Fond recollections of growing up on a family farm. Written by Harold Eddleman.
It was a bright sunny, warm Saturday morning in late March of 1939. I was six, the oldest of 4 kids and in the first grade at Milltown Public School. Margaret Ann, my sister, age 4, and I were playing in the south yard of our old frame house in Milltown. Mom opened the bedroom window to shake out some bed linens. Puzzled, she asked "What are you kids doing?"
I explained that she had recently told Dad about a nursery man near her childhood home that grew fruit trees. I had picked up some sprouting peach seeds from beneath a tree in the backyard, placed them in our new red wagon, and I was selling them to my sister, who was paying good hard rocks for them, and planting them in the flower bed. "You ought to take some of them to our farm," Mom suggested.
That was the first I ever heard about the farm, but Mom and Dad had been looking at home and gardening magazines all winter. I recall looking at them myself. Also we had looked a farm between Milltown and Marengo one weekend. It turned out my parents had traded the house in Milltown for some recently abandoned fields just south of Pilot Knob Hill.
The next day, we all loaded into the car and went to the farm for a picnic lunch and to work on the shack that Dad been driving 7 miles each day to construct. I mainly remember the smell of the recently sawn oak board and dropping my egg salad sandwich in the sawdust. Later, we walked over the fields. The main vegetation was wild onions, a useless plant notable for ruining harvested wheat with its seed heads of bulblets. It was a beautiful sunny day, but windy and a little chilly.
One reason we called our temporary home "The Shack" was because it constructed in a manner called Shack contruction. There was no frame. The four walls consisted of 1 inch oak boards nailed vertically to horizontal rough oak 2 by 4's. On the outside 5 cm wide strips about 1 cm thick were nailed over the cracks between the boards. The inside surface of the walls were covered with a thick blue building paper and that prevent wind from blowing through the walls. The roof was 5 V-galvanized iron, "tin", nailed to more oak boards supported by 2 by 4 rafters.In 1997, 58 years later, the shack still stands. It served as our home for the six months it took to build the house, and then it became a garage, tool shed, and held 2 grain bins. It is still used for farm implements and firewood and tool storage.
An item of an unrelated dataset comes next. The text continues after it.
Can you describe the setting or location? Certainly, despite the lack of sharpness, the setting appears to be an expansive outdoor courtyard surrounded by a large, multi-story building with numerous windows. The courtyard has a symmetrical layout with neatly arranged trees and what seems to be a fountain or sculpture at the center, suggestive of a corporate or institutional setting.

My first year of school ended April 21, 1939 and that was moving day. Dad and Ked, my brother-in-law, spent the day hauling furniture from Milltown to the farm and spent the night in our new shack . The Shack had a single room about 14 feet by 20 with a metal pipe chimney at the west end for the kitchen stove. Dad was cleaning some saplings from the field and in late May a neighbor came with his horses to plow the ground for half the corn. We grew 150 bushels of corn and 75 was our share. Mom and Dad had already started a garden 60 feet south of the shack during March and added more in April May and June. During May Dad was laying out the homesite. Back in Milltown, the prior winter, He and Mom had pored over home magazines loaned to us by many people.
While unloading the last truckload of furniture, dad unrolled a brown paper bag and said, "Peach seeds? Who put these in here." I explained I wanted to grow peach trees and he helped me plant them in a row in the garden he had already started. The orchard page gives the outcome of this project.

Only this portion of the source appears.